A quick check of a sphere and a cube shows me the volume varies as the 3/2 power of the surface area. However, I'm not sure of the relationship of surface area to pressure. Thus, I'm not sure how the volume of the pipes would change given a change in pressure.
 A: The Naïve and Wrong Approach
Use the ideal gas law, $PV=nRT$, can give you a first-order approximation. This fails, though, because water is not a gas. It does not need to observe the ideal gas law. (In fact, many gasses do not follow the ideal gas law.) Other equations of state could yield a more accurate answer. The application of these equations to this situation is, at best, grasping as straws, and at worse, simply wrong.
Pressure Is Independent of Volume
Pressure, in liquids, is independent of volume. (Temperature, density, and pressure, however, are very linked.) A steel pipe, closed at both ends, can hold water at all sorts of pressures; high pressures, low pressures, and less-than atmospheric pressures. Knowing the volume of a pipe system, especially a closed one, gives you no indication of the pressure of the liquid inside.
Depth-Pressure Relationship
There is, however, a depth-pressure relationship. Imagine, if you would, a vertical pipe full of water. The water forms a "water column," which is referred to extensively in all sorts of guides. The pressure at any given point in the water column is based off of the fluid's density, depth at that point, and gravity. (This is the common $P=\rho gh$ people ought to remember from their high school physics.)
Bernoulli's Equation
There is also Bernoulli's Equation, which can be used to determine the pressure of a liquid in a tube. A quick look at the equation confirms that there is no relation to volume. (Cross-sectional volume is a thing, but the question does not ask about that.)
A Tutorial On Real-World Plumbing
If you want to know the pressure needed for actual plumbing, I suggest looking at the two part guide from John Hearfield. It is a very digestible guide to the complicated world of Reynold Numbers, viscosity, and the interactions which go into water moving down a pipe.
Elastic Pipes and Internal Pressure
Pipes do experience pressure from the inside and outside, and the material the pipe is made out of does help to determine if a pipe expands or contracts. For most civilian applications, the expansion and contraction of pipes due to water pressure is negligible.
However, if you really want to know how a pipe of a given material stretches/inflates due to pressure on the inside, you need to learn about isotropic stress and strain. Try this in your approach:

*

*Distribute the pressure evenly. This means that each unit of area of the pipe experiences the same force from the liquid as every other, equally sized unit of area.

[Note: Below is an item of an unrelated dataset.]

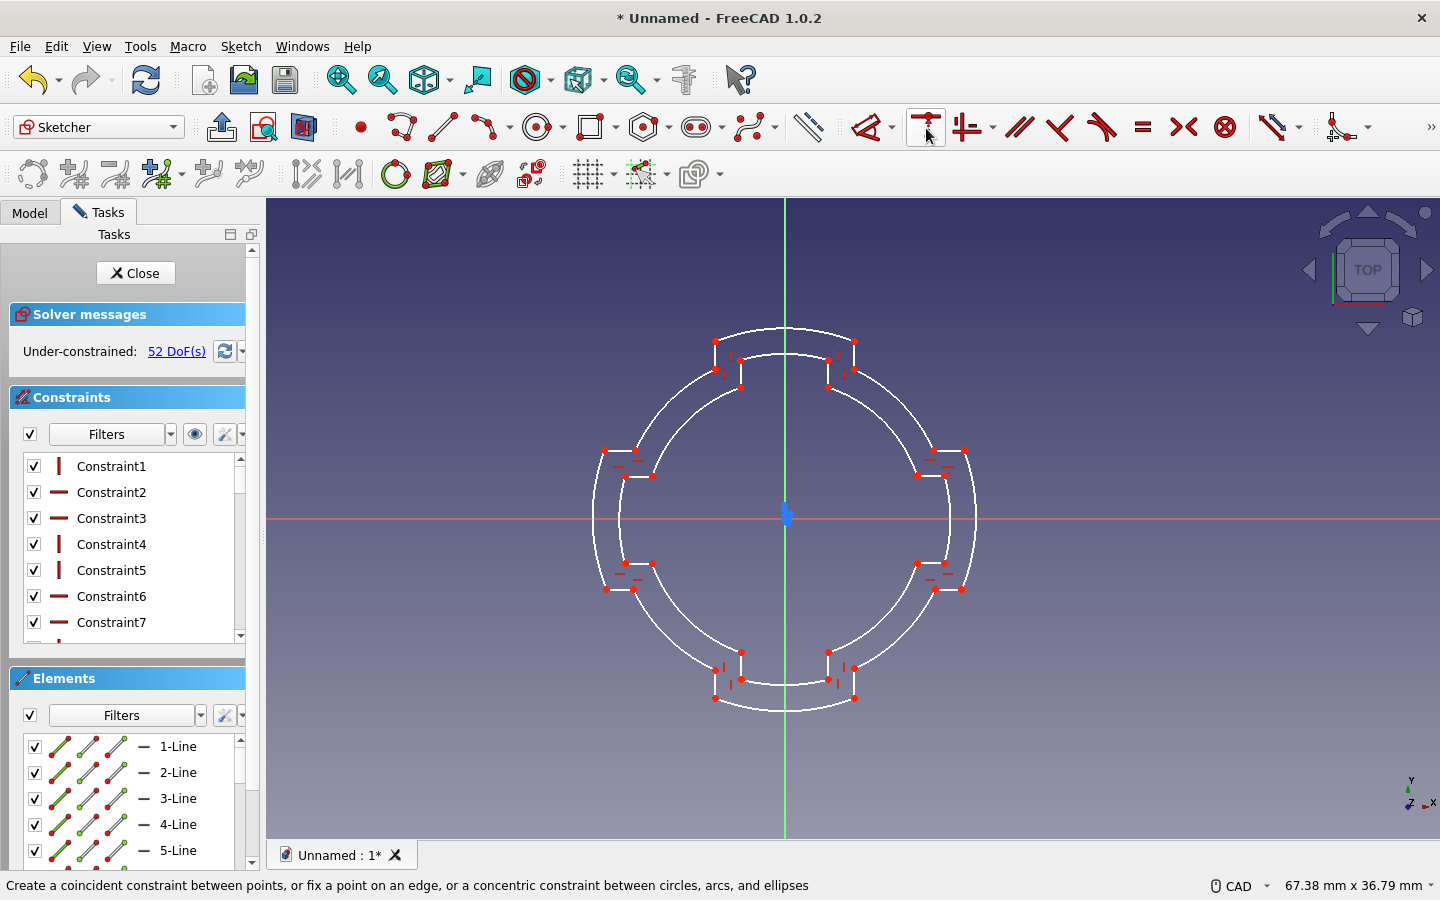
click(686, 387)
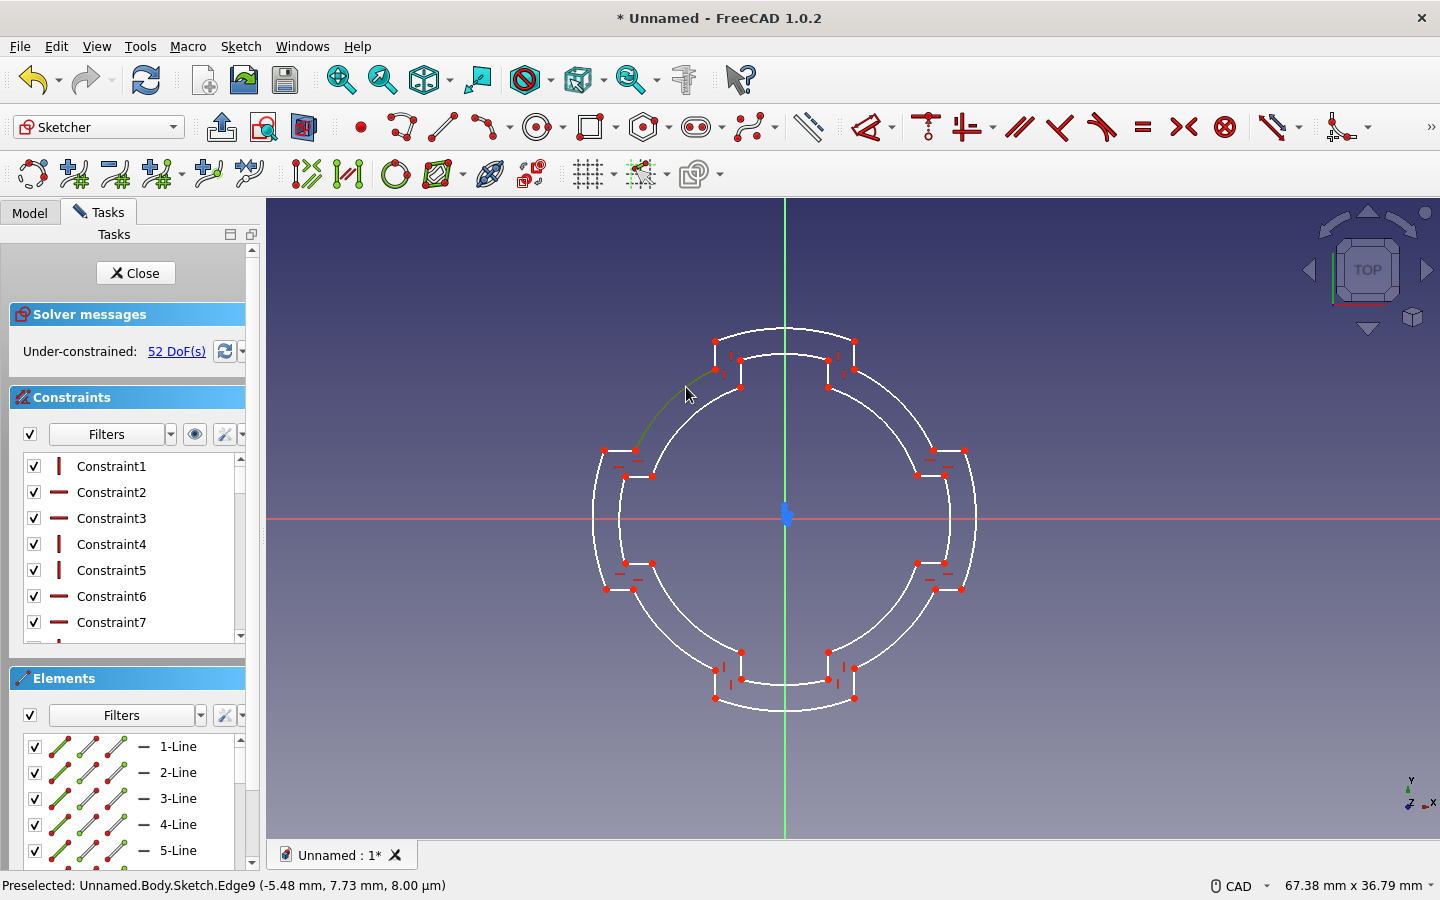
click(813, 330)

*Examine a small piece of pipe, such as a unit of area.

*The force acting on the pipe is the pressure difference between outside and inside of the pipe.

*Treat each section of your pipe as a spring-like substance. Instead of using the normal hooke's law, $F = -kx$, use the version with stress ($\sigma$), strain($\epsilon$), and elastic modulus (E) $\sigma = E \epsilon$.

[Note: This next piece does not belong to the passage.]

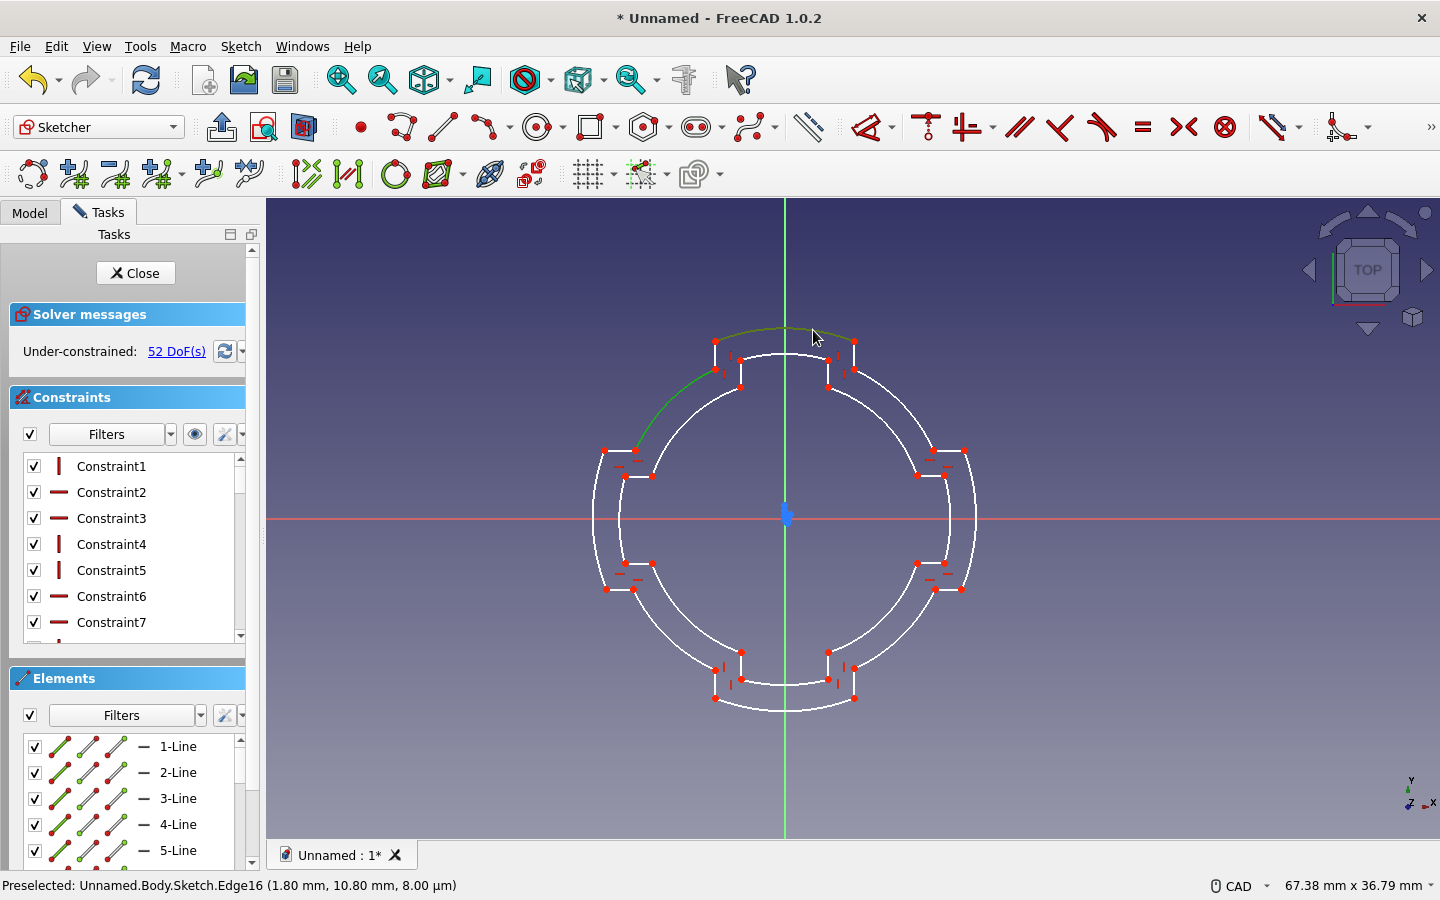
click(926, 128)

*figure out how your individual pieces of your pipe react

*Sum up these changes to figure out what happens to the pipe as a whole

This is just a basic approach; there are more complicated ones!
A: The stress induced in a pipe by internal pressure is
 $$P_r \over t$$ where $P$ is the applied pressure, $r$ the pipe radius and $t$ the pipe wall thickness. 
The strain induced in the pipe wall is $$\Delta r \over r$$ where $\Delta r$ is the change in radius. 
The basic stress strain relationship is $$\sigma = E  \epsilon$$ where $\sigma$ is the stress, $E$ the Young's modulus of elasticity of the pipe material and $\epsilon$ is the strain. 
So from the above: $${Pr\over t} = {E  {\Delta r \over r}}$$ and $${\Delta r} = {Pr^2 \over Et}\ .$$ The next step is to calculate the original and the new area of the pipe from $\pi r^2$ and $\pi(r + \Delta r)^2$. 
The difference between the two areas is the change in area which when multiplied by the length of the pipe gives the change in volume under the pressure P.